## What you are asked to do
The listing below should be printed again word for word, without any images.
BEGIN Provided material
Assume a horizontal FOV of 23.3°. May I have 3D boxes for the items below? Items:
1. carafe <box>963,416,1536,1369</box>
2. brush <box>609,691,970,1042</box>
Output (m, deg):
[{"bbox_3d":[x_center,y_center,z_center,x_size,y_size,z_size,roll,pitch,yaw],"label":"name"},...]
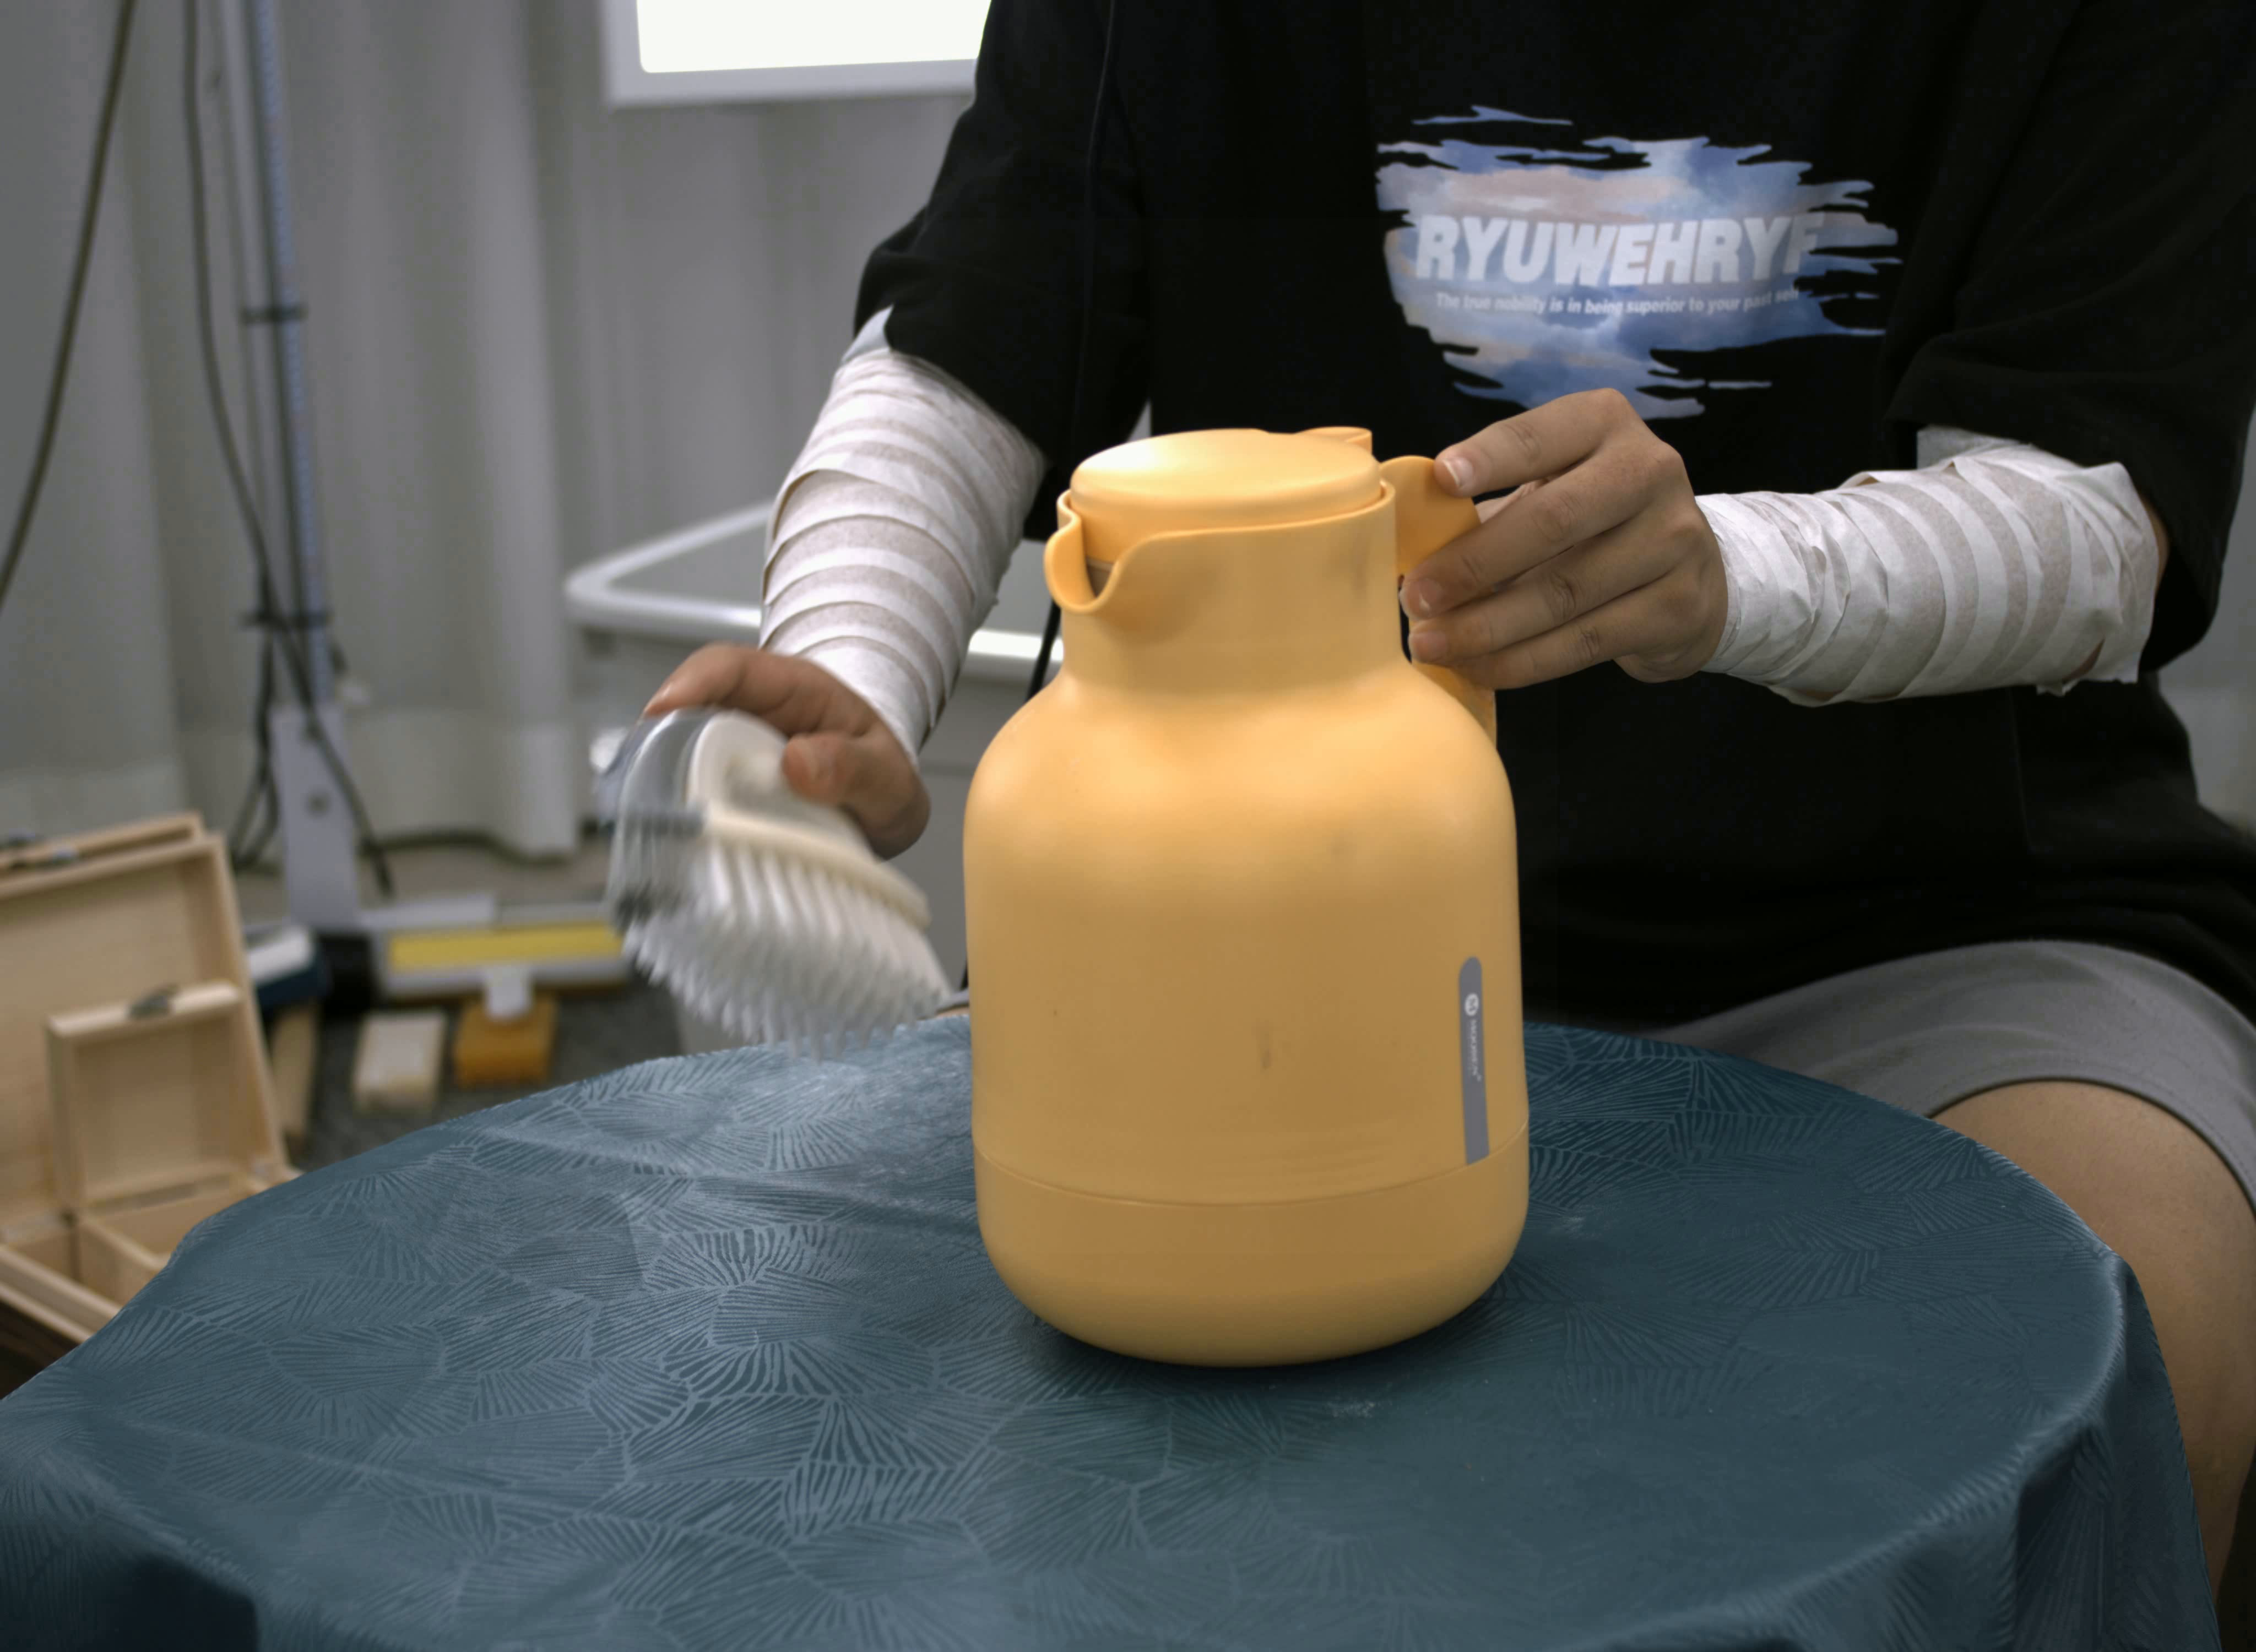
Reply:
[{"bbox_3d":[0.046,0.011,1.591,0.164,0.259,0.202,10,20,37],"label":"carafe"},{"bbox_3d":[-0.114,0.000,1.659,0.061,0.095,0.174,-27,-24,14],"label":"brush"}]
END Provided material
## Response
Assume a horizontal FOV of 23.3°. May I have 3D boxes for the items below? Items:
1. carafe <box>963,416,1536,1369</box>
2. brush <box>609,691,970,1042</box>
Output (m, deg):
[{"bbox_3d":[x_center,y_center,z_center,x_size,y_size,z_size,roll,pitch,yaw],"label":"name"},...]
Reply:
[{"bbox_3d":[0.046,0.011,1.591,0.164,0.259,0.202,10,20,37],"label":"carafe"},{"bbox_3d":[-0.114,0.000,1.659,0.061,0.095,0.174,-27,-24,14],"label":"brush"}]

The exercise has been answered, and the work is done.